In this video series
the financial statements are introduced in the context of building a financial model. The objective is not simply to explain what they are, but to demonstrate how they link to each other. These links are critical to the mechanical process of building a three statement model, and for this reason I would encourage you to review this series even if you have had previous exposure to the three primary financial statements. This series is broken down into the chapters that follow:
The accounting equation is the single most important concept in accounting, and it is instrumental in developing a more thorough understanding of financial statements.
This video explains how the accounting equation is relevant in building financial models. It also provides a cursory overview of double-entry bookkeeping, which is the system most commonly employed by businesses to record financial information. The video concludes by pointing out that the balance sheet is simply a more formal presentation of the accounting equation.
This video introduces the balance sheet by asking you to imagine the resources you would require to operate a business, and then to visualize the means of securing these resources. By reorganizing these variables you can see how all of them fall into one of three categories: Assets, Liabilities and Stockholders’ Equity. The video then emphasizes that the balance sheet details a company’s financial position at any given time, whereas the income statement and cash flow statement detail the economic activity that has elapsed between periods.
The instruction concludes by highlighting relationships between the balance sheet and other financial statements that are important to keep in mind as you build financial models.
This video introduces the income statement by starting with the most concise presentation and expanding on the number of line items. After this introduction the accounting equation is revisited to help illustrate how the balance sheet and income statement relate to one another (green triangle in the image that follows – the most significant relationship highlighted is that stockholders’ equity grows with net income).
Next the purpose of the income statement is defined and two important accounting concepts are introduced: the Matching Principle and Depreciation. The video concludes by highlighting the relationship between the income statement and the cash flow statement, and highlighting the difference between an accrual basis of accounting and a cash basis of accounting.

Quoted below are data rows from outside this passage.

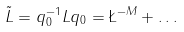<formula> <loc_0><loc_0><loc_500><loc_500>\tilde { L } = q _ { 0 } ^ { - 1 } L q _ { 0 } = \L ^ { - M } + \dots</formula> 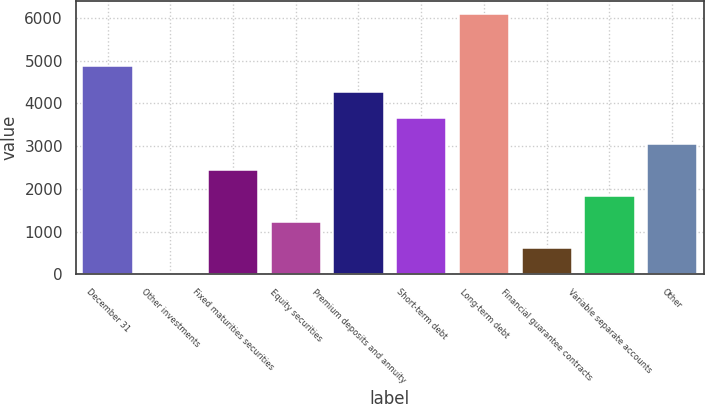<chart> <loc_0><loc_0><loc_500><loc_500><bar_chart><fcel>December 31<fcel>Other investments<fcel>Fixed maturities securities<fcel>Equity securities<fcel>Premium deposits and annuity<fcel>Short-term debt<fcel>Long-term debt<fcel>Financial guarantee contracts<fcel>Variable separate accounts<fcel>Other<nl><fcel>4874.56<fcel>8<fcel>2441.28<fcel>1224.64<fcel>4266.24<fcel>3657.92<fcel>6091.2<fcel>616.32<fcel>1832.96<fcel>3049.6<nl></chart> 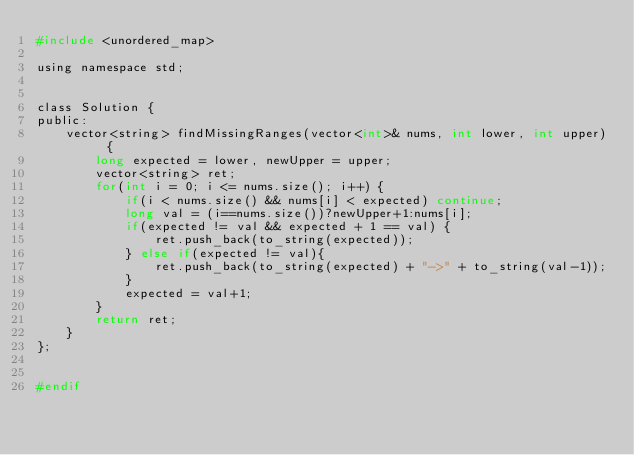Convert code to text. <code><loc_0><loc_0><loc_500><loc_500><_C_>#include <unordered_map>

using namespace std;


class Solution {
public:
    vector<string> findMissingRanges(vector<int>& nums, int lower, int upper) {
        long expected = lower, newUpper = upper;
        vector<string> ret;
        for(int i = 0; i <= nums.size(); i++) {
            if(i < nums.size() && nums[i] < expected) continue;
            long val = (i==nums.size())?newUpper+1:nums[i];
            if(expected != val && expected + 1 == val) {
                ret.push_back(to_string(expected));
            } else if(expected != val){
                ret.push_back(to_string(expected) + "->" + to_string(val-1));
            }
            expected = val+1;
        }
        return ret;
    }
};


#endif
</code> 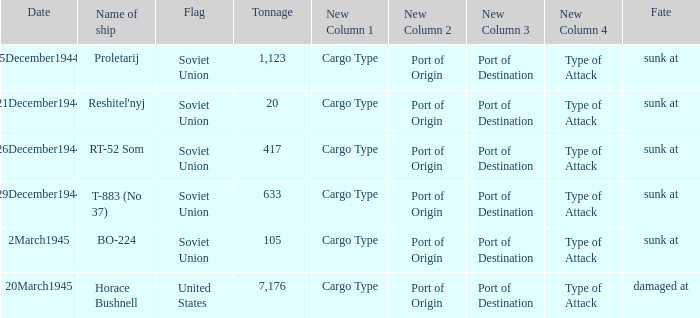How did the ship named proletarij finish its service? Sunk at. 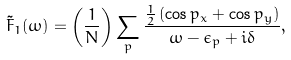<formula> <loc_0><loc_0><loc_500><loc_500>\tilde { F } _ { 1 } ( \omega ) = \left ( \frac { 1 } { N } \right ) \sum _ { p } \frac { \frac { 1 } { 2 } \left ( \cos p _ { x } + \cos p _ { y } \right ) } { \omega - \epsilon _ { p } + i \delta } ,</formula> 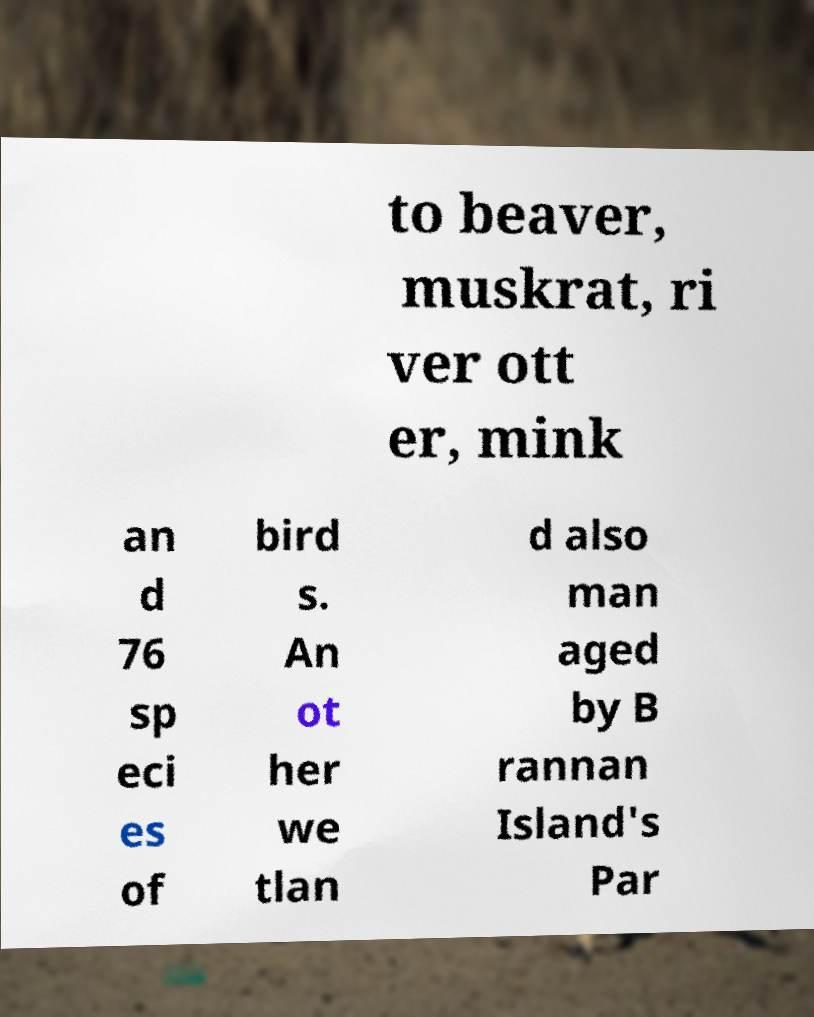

This video introduces the cash flow statement, which is possibly the most straightforward of the three primary financial statements. Whereas both the income statement and balance sheet reflect an accrual basis of accounting, the cash flow statement starts with net income and translates the economic activity of the firm from an accrual basis to a cash basis. To demonstrate the difference, the video walks through the purchase of a large piece of equipment on both an accrual and cash basis providing visuals to help cement these concepts. The video also goes into detail on the three different types of cash inflows and outflows: Cash Flow from Operating Activities, Cash Flow from Investing Activities and Cash Flow from Financing Activities. The video concludes by explaining the significance of measuring cash and why GAAP measures of profitability in isolation are not sufficient to determine a business’s financial condition.
With the introduction of all three financial statements complete, the video then explains how the three financial statements work together to maintain the accounting equation. The first relationship highlighted is that the cash balance calculated on the cash flow statement links to cash on the balance sheet (see arrow on left-hand side of the image below). In this way the cash flow statement adjusts the asset side of your balance sheet in each consecutive accounting period. As a reminder, the video then shows that net income adjusts the equity account (retained earnings) in each accounting period (see arrow on right-hand side of the image below).
With that in mind, recall that the balance sheet is just a formal presentation of the accounting equation. If the cash flow statement adjusts the left-hand side of the equation, or assets, by the companies cash flow in that period, and the income statement adjusts the right-hand side of the equation, or stockholders’ equity, by net income, then the cash flow statement, which starts with net income, is making adjustments so that the accounting equation holds true. And that is how the accounting equation is balanced in financial models, and therefore how the balance sheet is balanced in financial models.
The video series concludes with a handwritten quiz. There is only so much that can be accomplished with multiple choice and fill-in-the-blank quizzes. These formats are helpful because they provide the ability to immediately show results, which is critical to the learning process. But between the two, research shows that fill-in-the-blank is more effective because it requires retrieving the answer from memory without the ease of selecting from a list of options. It follows, that writing answers in longhand takes this benefit a step further.